***** DATA
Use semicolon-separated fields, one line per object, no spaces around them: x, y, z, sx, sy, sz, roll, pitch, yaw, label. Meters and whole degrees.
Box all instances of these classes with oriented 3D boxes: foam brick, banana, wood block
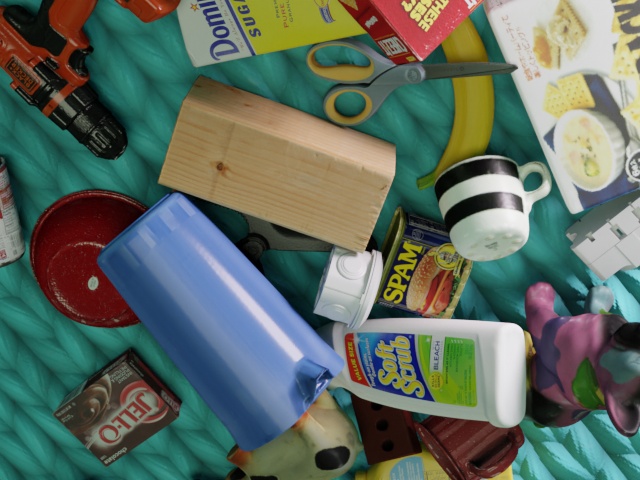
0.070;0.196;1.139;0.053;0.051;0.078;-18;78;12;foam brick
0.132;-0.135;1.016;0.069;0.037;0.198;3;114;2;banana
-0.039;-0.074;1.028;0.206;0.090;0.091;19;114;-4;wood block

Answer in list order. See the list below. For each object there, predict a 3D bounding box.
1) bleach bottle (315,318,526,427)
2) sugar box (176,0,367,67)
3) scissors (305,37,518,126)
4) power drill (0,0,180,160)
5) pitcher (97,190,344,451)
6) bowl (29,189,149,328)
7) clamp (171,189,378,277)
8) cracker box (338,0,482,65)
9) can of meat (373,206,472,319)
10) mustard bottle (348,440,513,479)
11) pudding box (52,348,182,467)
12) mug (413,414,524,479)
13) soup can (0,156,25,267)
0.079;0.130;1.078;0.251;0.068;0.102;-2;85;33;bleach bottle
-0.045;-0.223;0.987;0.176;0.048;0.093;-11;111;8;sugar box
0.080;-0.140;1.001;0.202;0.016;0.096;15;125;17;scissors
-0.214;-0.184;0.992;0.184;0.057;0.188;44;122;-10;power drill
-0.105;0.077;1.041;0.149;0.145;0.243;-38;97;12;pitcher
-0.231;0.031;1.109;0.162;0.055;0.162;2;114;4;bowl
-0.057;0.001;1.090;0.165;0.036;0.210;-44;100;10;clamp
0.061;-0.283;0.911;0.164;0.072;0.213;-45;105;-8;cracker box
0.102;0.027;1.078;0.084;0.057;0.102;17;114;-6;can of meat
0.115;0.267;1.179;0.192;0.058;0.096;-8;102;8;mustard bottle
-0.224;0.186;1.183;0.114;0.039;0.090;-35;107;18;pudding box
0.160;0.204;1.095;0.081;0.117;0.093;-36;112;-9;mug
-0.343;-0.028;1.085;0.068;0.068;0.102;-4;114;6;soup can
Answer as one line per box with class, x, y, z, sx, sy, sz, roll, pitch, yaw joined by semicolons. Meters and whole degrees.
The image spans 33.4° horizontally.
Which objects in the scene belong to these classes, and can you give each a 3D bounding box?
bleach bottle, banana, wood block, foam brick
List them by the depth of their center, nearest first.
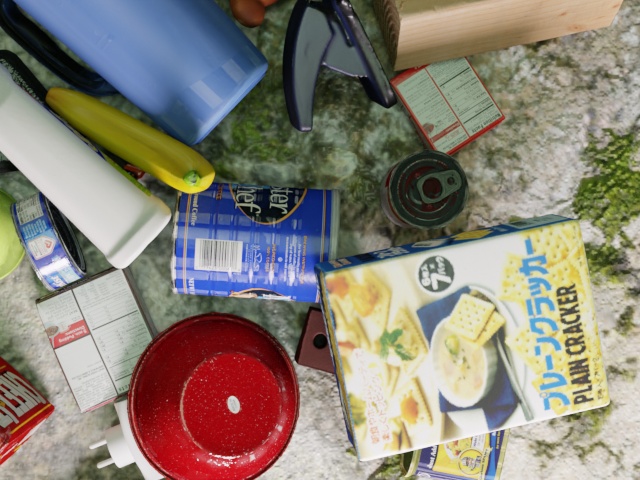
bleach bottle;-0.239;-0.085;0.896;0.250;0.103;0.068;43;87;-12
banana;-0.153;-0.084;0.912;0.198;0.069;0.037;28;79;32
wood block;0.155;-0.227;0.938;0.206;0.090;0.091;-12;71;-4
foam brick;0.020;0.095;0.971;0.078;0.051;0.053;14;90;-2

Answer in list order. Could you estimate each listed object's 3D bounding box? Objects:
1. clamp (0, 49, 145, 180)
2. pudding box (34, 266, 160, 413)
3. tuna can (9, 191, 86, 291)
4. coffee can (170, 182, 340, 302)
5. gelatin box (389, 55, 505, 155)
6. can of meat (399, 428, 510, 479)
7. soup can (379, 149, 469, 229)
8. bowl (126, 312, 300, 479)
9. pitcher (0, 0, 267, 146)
**********
_WHAT NEEDS TO BE DONE_
With the line that has "The image spans 33.4° horizontally." as the first and the line that has "bleach bottle, banana, wood block, foam brick" as the last, repeat exactly that run of lines above and no more.

_EXERCISE SOLUTION_
The image spans 33.4° horizontally.
Which objects in the scene belong to these classes, and can you give each a 3D bounding box?
bleach bottle, banana, wood block, foam brick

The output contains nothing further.